Yes, it's time we're reading about the best-kept secret in the alternative business world ("By the People," Feb. 22). Cooperatives are the model we should be learning about. They are the future. We can all support this movement by patronizing our local Bay Area Cooperatives. In addition to the Arizmendi/Cheeseboard bakeries, there is Rainbow Grocery (SF), Jackson Hardware and Alvarado Street Bakery that sells organic breads to stores in the Bay Area and throughout the country. Praxis Peace Institute, the Sonoma nonprofit that I direct, will take a group for a study tour of the Mondragon Cooperatives in Spain, Sept. 9-15, 2012. Information is available on www.praxispeace.org.
I must take issue with your article on the Arizmendi Bakery in San Rafael ("By the People," Feb. 22). My wife was a founding member. She found a meeting space for them before the opening, and shopped for their furniture and light fixtures. There were 13 founding members, but Arizmendi permitted a central clique to vote themselves into permanent status, at which point all the other founders were forced to either suck up or be voted out. It was then obvious that some founders were "more equal than others." This crooked little clique made life hell for my wife and the others before finally voting them out altogether.
Arizmendi had "oppression training" and "conflict resolution" procedures in place, but it was all just PC window dressing. The clique ran into trouble only when their ringleader had a breakdown and quit. Now all of the founding members are gone. Those were the people who had the best profit-sharing position. With them gone, Arizmendi shares little profit with the current owner-workers, who make a pittance while waiting for very meager profit-sharing. What an interesting coincidence that Arizmendi would permit such things to happen, and that the result is no founding members left with which to "share." It's all a big lie, an atrocity, and a shameful fraud. I feel terrible for those kids who still work there, but there can be nothing but contempt for Arizmendi itself.

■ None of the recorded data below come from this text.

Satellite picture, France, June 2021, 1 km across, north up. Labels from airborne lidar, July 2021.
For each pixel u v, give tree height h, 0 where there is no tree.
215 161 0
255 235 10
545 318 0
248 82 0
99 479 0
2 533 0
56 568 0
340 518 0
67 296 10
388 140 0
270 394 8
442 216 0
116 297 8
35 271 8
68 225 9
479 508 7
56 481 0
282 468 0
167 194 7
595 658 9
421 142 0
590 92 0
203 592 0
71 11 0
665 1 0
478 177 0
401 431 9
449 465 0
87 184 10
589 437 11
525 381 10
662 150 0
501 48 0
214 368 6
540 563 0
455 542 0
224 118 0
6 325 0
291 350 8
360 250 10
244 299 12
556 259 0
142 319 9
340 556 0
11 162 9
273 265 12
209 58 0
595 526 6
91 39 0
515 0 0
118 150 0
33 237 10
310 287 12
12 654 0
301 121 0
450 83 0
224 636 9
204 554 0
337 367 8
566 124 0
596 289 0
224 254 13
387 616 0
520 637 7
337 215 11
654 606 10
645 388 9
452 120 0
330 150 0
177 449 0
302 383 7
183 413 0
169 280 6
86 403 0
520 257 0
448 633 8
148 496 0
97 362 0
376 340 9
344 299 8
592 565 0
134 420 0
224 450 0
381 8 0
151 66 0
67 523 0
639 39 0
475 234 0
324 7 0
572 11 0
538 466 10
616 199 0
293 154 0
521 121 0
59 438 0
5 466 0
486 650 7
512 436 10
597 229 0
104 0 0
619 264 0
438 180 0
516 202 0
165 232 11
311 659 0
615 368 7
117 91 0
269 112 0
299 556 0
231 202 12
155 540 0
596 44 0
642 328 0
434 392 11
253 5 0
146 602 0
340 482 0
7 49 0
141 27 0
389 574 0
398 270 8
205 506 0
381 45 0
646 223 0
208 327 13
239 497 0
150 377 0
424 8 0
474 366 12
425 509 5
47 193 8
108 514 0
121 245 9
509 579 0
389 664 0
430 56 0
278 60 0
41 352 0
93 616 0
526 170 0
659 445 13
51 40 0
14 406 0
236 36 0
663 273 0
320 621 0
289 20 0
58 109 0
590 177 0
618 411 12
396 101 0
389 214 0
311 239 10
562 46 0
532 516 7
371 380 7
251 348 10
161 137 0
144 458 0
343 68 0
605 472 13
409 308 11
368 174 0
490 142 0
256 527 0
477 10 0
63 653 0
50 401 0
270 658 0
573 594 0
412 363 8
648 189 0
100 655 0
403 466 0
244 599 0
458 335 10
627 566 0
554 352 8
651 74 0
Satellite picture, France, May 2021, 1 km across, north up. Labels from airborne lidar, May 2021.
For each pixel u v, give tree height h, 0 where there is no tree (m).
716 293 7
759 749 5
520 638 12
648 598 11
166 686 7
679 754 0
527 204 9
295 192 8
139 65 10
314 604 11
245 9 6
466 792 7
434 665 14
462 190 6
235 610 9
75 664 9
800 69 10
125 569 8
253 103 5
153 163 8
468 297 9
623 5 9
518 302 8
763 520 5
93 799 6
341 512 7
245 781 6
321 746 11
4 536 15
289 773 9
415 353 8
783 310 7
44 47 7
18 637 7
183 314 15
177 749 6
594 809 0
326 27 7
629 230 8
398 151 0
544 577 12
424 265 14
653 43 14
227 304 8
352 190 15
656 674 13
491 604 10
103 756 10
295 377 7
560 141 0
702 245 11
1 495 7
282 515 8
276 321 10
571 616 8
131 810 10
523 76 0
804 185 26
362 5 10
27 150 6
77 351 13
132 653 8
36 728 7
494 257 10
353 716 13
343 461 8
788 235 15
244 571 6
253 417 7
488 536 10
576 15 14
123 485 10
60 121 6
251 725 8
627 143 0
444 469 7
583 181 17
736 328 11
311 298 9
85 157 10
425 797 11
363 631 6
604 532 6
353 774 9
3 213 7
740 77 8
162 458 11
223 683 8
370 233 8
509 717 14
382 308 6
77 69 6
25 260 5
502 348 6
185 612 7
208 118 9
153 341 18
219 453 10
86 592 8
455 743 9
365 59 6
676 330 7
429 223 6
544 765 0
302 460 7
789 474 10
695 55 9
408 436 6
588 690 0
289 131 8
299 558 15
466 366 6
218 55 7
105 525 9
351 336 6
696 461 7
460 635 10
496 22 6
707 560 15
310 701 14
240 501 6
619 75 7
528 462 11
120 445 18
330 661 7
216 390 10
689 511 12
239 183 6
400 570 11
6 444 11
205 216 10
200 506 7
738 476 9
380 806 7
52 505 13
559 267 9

An article on why men can't seem to think straight when talking to a woman? ("Hi There, Uh . . . Duh," Feb. 8.) It seems quite obvious to me: they aren't using the brain that's above their waist! Duh!
I've seen articles about the biggest cutting of redwood forest for vineyard ever to take place in Sonoma County. Spain-based Artesa / Codorníu is a huge corporation and we're a tiny dot on their map.

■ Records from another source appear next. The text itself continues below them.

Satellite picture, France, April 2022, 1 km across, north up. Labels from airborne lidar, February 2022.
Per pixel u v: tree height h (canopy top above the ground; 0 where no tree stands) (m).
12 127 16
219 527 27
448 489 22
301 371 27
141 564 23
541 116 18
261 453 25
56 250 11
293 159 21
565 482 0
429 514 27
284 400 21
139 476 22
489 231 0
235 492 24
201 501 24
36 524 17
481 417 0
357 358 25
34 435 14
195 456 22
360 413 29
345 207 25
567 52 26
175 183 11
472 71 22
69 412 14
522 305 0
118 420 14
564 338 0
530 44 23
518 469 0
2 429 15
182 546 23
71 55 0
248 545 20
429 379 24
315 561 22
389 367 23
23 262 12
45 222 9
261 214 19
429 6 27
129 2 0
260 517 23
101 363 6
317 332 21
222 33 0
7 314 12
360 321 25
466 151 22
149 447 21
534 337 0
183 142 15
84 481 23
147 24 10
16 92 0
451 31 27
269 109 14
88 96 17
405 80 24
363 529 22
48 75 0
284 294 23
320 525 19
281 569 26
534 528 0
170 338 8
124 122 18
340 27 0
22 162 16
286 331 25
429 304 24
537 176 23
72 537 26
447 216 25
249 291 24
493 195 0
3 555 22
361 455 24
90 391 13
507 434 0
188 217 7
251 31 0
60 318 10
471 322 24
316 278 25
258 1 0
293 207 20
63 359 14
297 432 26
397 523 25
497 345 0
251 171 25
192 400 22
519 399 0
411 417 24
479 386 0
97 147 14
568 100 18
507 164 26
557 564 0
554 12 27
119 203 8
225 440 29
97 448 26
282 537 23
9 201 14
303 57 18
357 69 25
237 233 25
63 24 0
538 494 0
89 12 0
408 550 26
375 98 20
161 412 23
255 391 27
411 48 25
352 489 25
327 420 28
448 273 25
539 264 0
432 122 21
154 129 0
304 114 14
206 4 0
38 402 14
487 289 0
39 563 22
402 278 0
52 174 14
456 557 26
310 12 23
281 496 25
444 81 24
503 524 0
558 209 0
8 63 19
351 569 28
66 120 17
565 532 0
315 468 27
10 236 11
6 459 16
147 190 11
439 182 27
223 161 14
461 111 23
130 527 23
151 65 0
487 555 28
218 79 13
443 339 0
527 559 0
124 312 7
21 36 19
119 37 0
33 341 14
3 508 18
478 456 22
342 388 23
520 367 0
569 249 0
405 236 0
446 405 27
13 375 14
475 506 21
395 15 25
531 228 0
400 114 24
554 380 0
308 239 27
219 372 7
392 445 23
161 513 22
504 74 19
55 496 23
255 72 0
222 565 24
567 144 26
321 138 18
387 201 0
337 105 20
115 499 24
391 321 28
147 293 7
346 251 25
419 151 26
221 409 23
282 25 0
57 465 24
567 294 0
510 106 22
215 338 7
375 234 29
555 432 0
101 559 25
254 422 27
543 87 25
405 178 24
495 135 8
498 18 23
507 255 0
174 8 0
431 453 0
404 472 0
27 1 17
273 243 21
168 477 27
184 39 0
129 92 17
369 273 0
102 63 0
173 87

I'm concerned about our society's take on nature. I was born and raised underneath these trees surrounding my home in Annapolis. I'm heartbroken that I have to fight to protect what Mother Nature gave me.
The California Deptartment of Forestry should represent the state's citizens by protecting our environment, especially our state tree. I'm devastated they're signing off on a deal with Artesa to deforest my childhood memories. What bothers me most is that grapes can grow elsewhere. Why cut down these unsurpassed trees to plant vineyards? The redwood only grows in this region of our country—that's why it's our state tree. It deserves to be protected.
We can't pick our state flower, but it's OK to cut the state tree? We need to morally contemplate this before we destroy our planet's beautiful assets. The wine industry is booming in a down economy. For a financially struggling society, the least we can do is protect our earth, because nature will always be free.